LAWYER: Doctor, what is your impression of the accused?
PSYCHIATRIST: I’m sorry, sir, I don’t do impressions. My training is in psychiatry!
(from the slapstick comedy Flying High)
John Howard has been a favourite target of impressionists from Max Gillies to the crew on the Mike Carlton Breakfast Show. But in industrial relations law and policy, few have made such a big impression as our good PM.
And now after years of crusading for change, it seems that the PM will finally have his chance to implement industrial nirvana. But will it be as heavenly as Mr Howard and his supporters from employer organisations imagine?
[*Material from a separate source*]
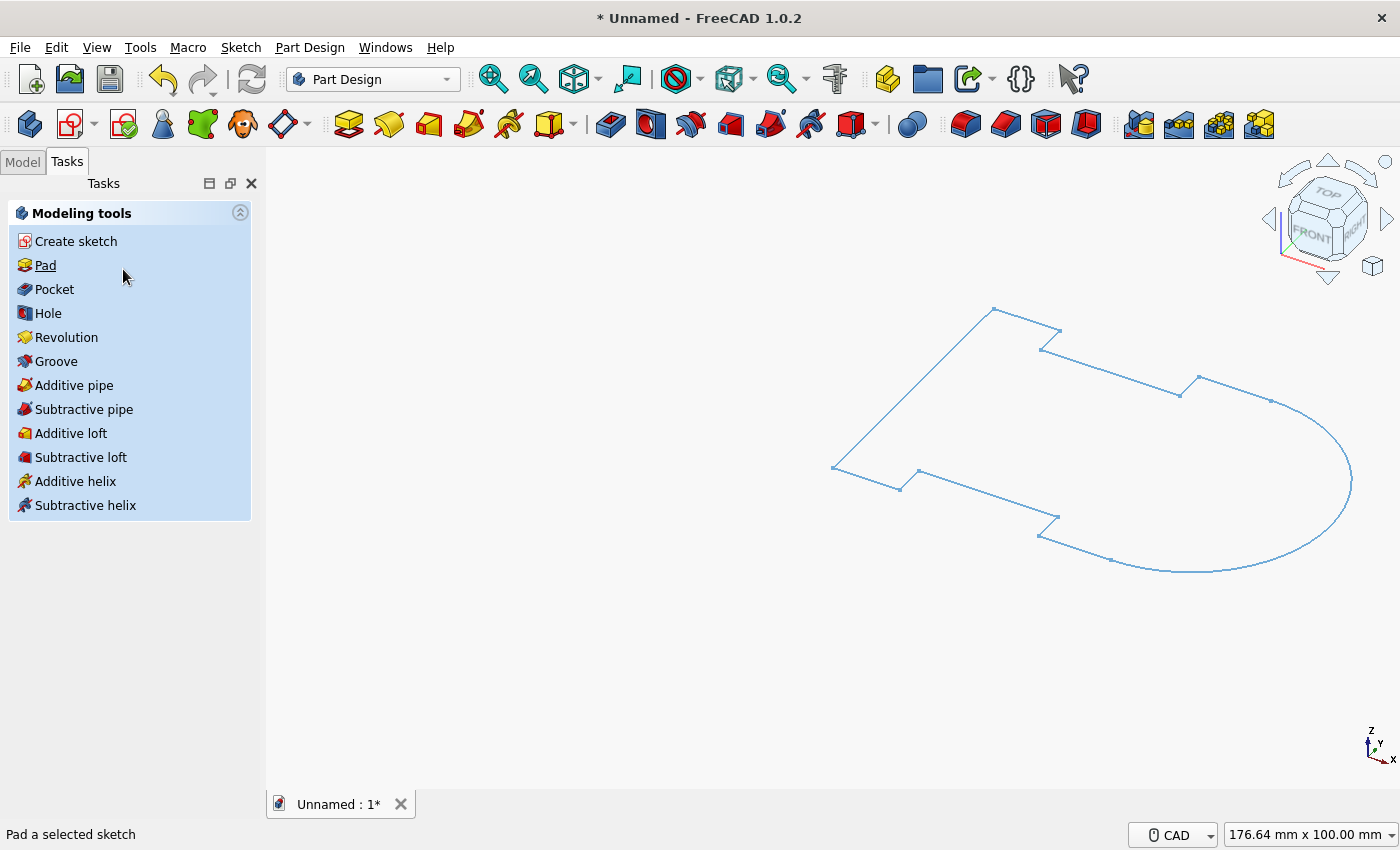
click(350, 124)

Mr Howard’s policy looks absolutely superb on paper. It will be easier to sack workers, especially for smaller businesses with up to 100 employees. Unions will have less power as enterprise bargaining is phased out more quickly and individual and workplace contracts become the norm.
Labor premiers, of course, are up in arms. Premier Bob Carr, the man who slashed injured workers’ entitlements for the sake of appeasing insurers, has seen the light and will fight the Howard reforms. He will be joined by his colleagues from other states in what promises to be a legal showdown in the High Court.
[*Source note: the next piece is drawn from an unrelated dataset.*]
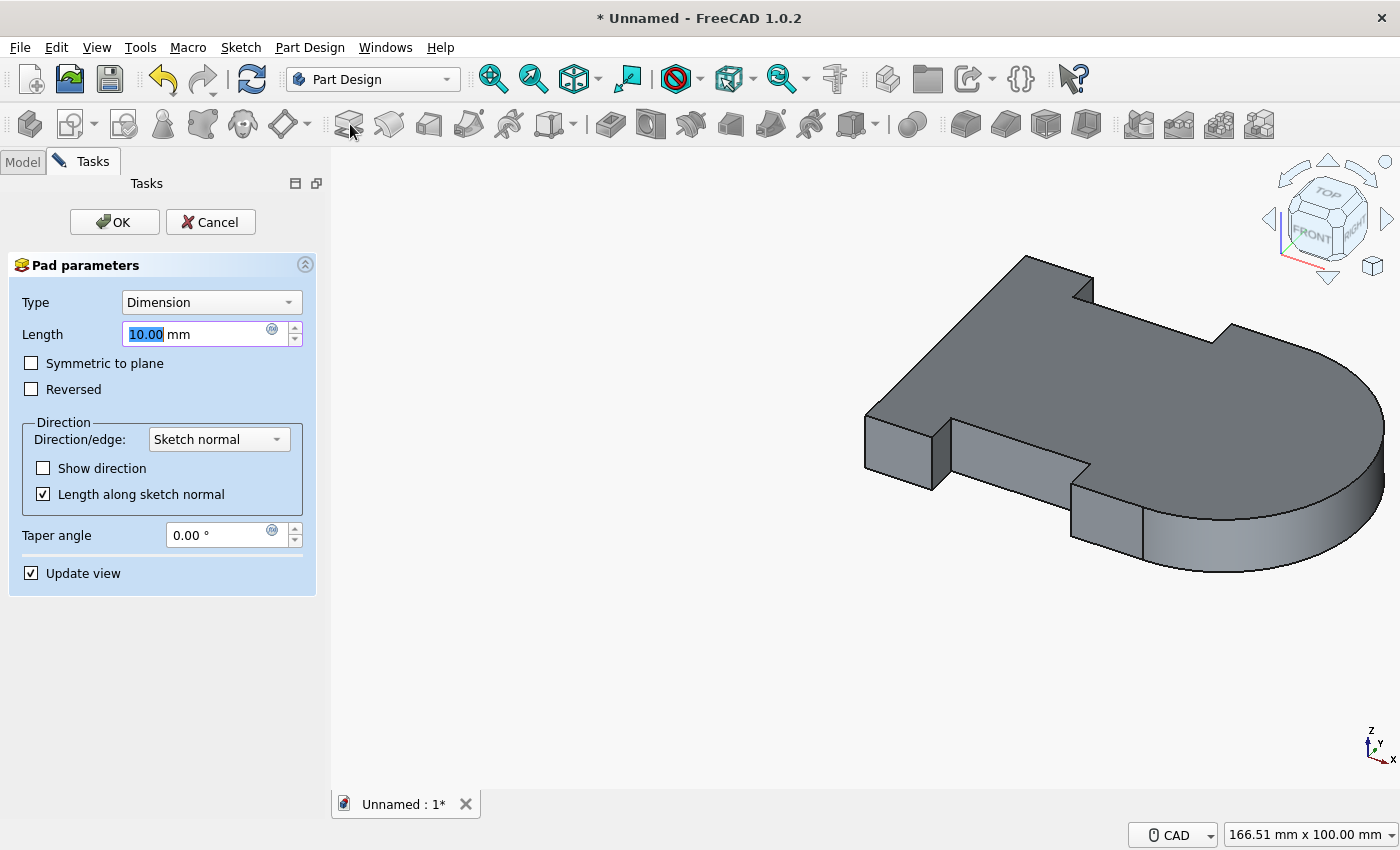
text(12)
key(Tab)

Who will win? Will Mr Howard have his day of glory? Will unions and workers be saved? Who knows? Who cares? One thing is for certain – whoever wins, the lawyers always win.
And not just lawyers acting for either side of the High Court challenge. Howard’s reforms will simply not work because they, like everything else created in policy nirvana, do not take into account how industrial law works on the ground. Mr Howard has failed to take account of how litigants and their advisers will be looking at the system, and how judges and commissioners will be administering the system.
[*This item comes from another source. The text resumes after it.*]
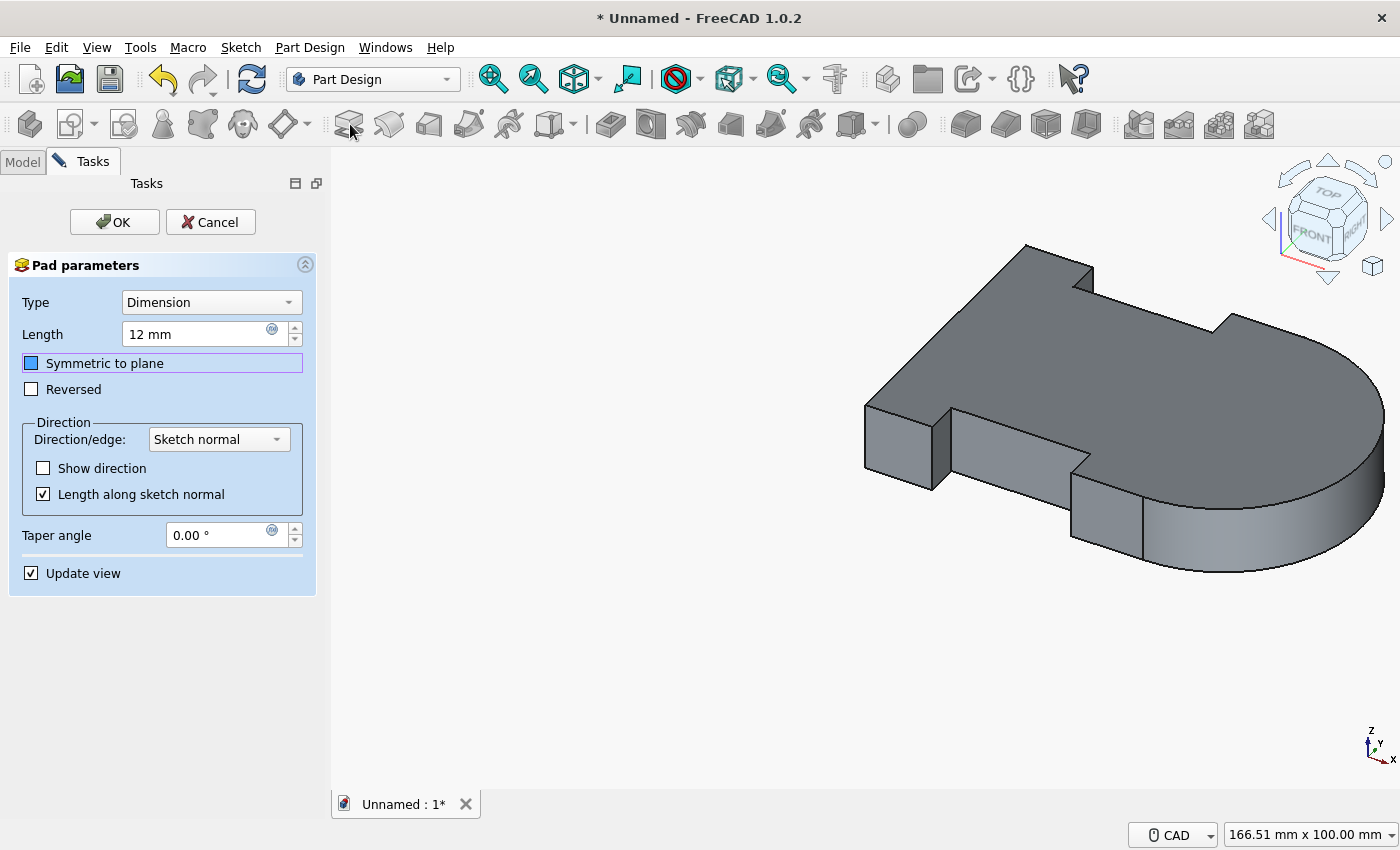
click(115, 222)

One would expect that having one of Australia’s premier industrial counsel as one’s deputy would have given Mr Howard some idea of which way his reform winds should be blowing. Then again, one would also expect Mr Howard to advocate on behalf of all Australian citizens caught up in a spot of legal bother overseas. Yeah, right.
Mr Howard’s reforms simply won’t work. Let’s look at unfair dismissal. Say my fictitious client Jasmine approached me and said she had been working as a research scientist for a decade before being shafted by her laboratory management, would I first look at unfair dismissal? I might consider it as one option. But unfair dismissal has enormous disadvantages.
Jasmine could only get up to 6 months wages as compensation for unfair dismissal. She has to pay my fees out of that amount. If I take her matter to hearing, the fees might add up to $10,000. Her compensation might be three months wages. If she earns $800 per week, she will get $9,600 compensation. And this is before tax is deducted.
If Jasmine loses the case and is found to have made a frivolous or vexatious application, she might have to pay her employer’s legal fees.
And all these factors have to be considered and an application lodged within 21 days of dismissal. Rarely will a resignation under pressure be regarded as a dismissal.